Queridas personas:
Hace unas semanas, en un arrebato, me compré un iPad Air. El acto solo puede definirse como capricho porque en realidad no lo necesito y además ya tenía otro iPad que, a pesar de su avanzada edad, funcionaba relativamente bien. Pero quería un juguete nuevo, flamante, que me apeteciera tener entre las manos y sobre todo, que materializara el espíritu que llevo cultivando desde aquel día que marqué una línea roja mental y me situé al otro lado de todos los sucesos terribles del mundo, trágicos o anecdóticos, que no están bajo mi control. Fue el día que hice la lista de cosas que me inspiran y me hacen feliz y en las que sí quiero invertir mi energía. A este espíritu le concedí una ventana de espacio y tiempo, dedicándole una hora sagrada cada mañana. Y ahora lo he vinculado a un objeto, que es también una puerta a una especie de jardín y refugio digital.
Porque este iPad nuevo, a diferencia de mi teléfono o mi ordenador, no va a servirme para «estar conectada con el mundo» y mucho menos para ser productiva. Todo lo contrario. Estaré conectada, sí, pero solo con el internet que me gusta, y si produzco algo será por casualidad.
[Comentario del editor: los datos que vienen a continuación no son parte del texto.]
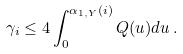Convert formula to latex. <formula><loc_0><loc_0><loc_500><loc_500>\gamma _ { i } \leq 4 \int _ { 0 } ^ { \alpha _ { 1 , { Y } } ( i ) } Q ( u ) d u \, .</formula> 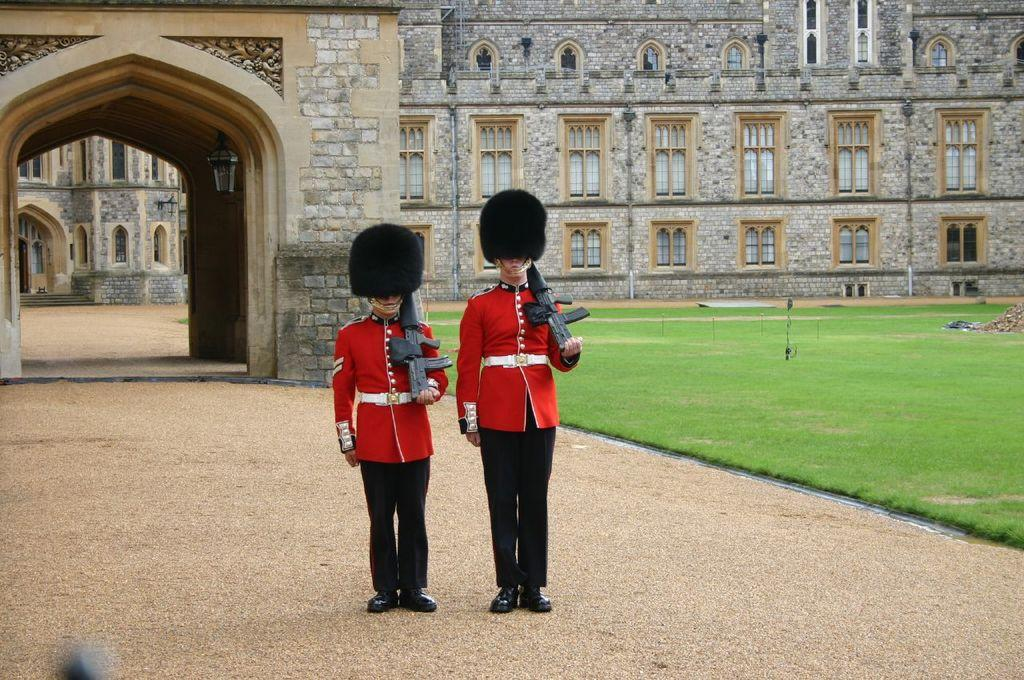What are the two people in the image doing? The two people in the image are standing and holding guns. What can be seen in the background of the image? There is a building, an arch, and grass in the background. Can you describe the building in the background? The building has windows. Where is the lamp located in the image? The lamp is attached to a wall. What type of vacation is the church offering in the image? There is no church or vacation mentioned in the image; it features two people holding guns and a background with a building, an arch, grass, and a lamp.

Lo primero que hice al configurarlo fue quitar los iconos de las aplicaciones. No quiero ningún logo perturbando mi visión ni compitiendo con mi branding espiritual. Luego puse unos widgets, elegí algunas imágenes y le di un estilo dark academia porque en el fondo siempre seré una adolescente gótica. Es un work in progress, pero creo que es más fácil que entendáis la idea si le echáis un vistazo.
En mi pantalla de inicio tengo tres apps dedicadas a la lectura: este iPad es a la vez templo sagrado y biblioteca. Hay un acceso a YouTube donde el algoritmo jamás ha tenido poder sobre mí, nunca ha podido convencerme de que vea algo que no sea útil, relajante o bello. Está por supuesto Pinterest, que es mi lugar feliz desde hace años, y un acceso directo a la carpeta de correo donde almaceno las newsletters. Pensaréis quizá que, en este arranque de monasticismo digital, no me he instalado redes sociales, pero el icono de las setas es X, ni más ni menos, y el de la copa, Instagram.
En X, que es sin duda la red social más tóxica, existe paradójicamente la opción sana que ninguna otra consiente en darte: seguir listas privadas de usuarios que tú seleccionas por temas o afinidades. En mi opinión, una de las peores cosas que le puedes hacer a tu cerebro es escrolear una serie de contenidos sin ninguna relación entre sí. Un feed confeccionado por un algoritmo puede ser dañino y adictivo, pero aún peor es el que te devuelve el reflejo de tu Diógenes digital. Como me parece más fácil cambiar de vida que hacer limpieza, en mi iPad nuevo he instalado Instagram, pero no con mi cuenta normal, sino con una nueva en la que jamás publicaré y que solo me servirá para seguir a una pequeña selección de personas que no conozco de nada y que irá cambiando según me aburra o cambie de intereses.
De momento, este capricho ha incrementado mi felicidad de manera considerable, porque no es solo un objeto sino un propósito. Por supuesto que sigo usando el ordenador y el móvil y me entero de todo lo que pasa en el mundo. Vivo en una torre pero no es ni remotamente de marfil. Simplemente le he hecho más espacio en mi vida a otra manera de pasar tiempo en internet.
Llevamos una década instalados en la falsa dicotomía de que hay que entregarse a la economía de la atención que rigen los intereses de las grandes tecnológicas o desempolvar un Nokia 3310 y mudarse a una cabaña en el bosque. Respeto las dos opciones, pero creo que hay más caminos posibles. Me gusta salir al campo, quedar con mis amigos, pasar tiempo con mi familia y estar todo el día sin mirar el móvil, pero una parte inmensa de mi mundo y de la persona que soy está en internet. Y no pienso renunciar a ella.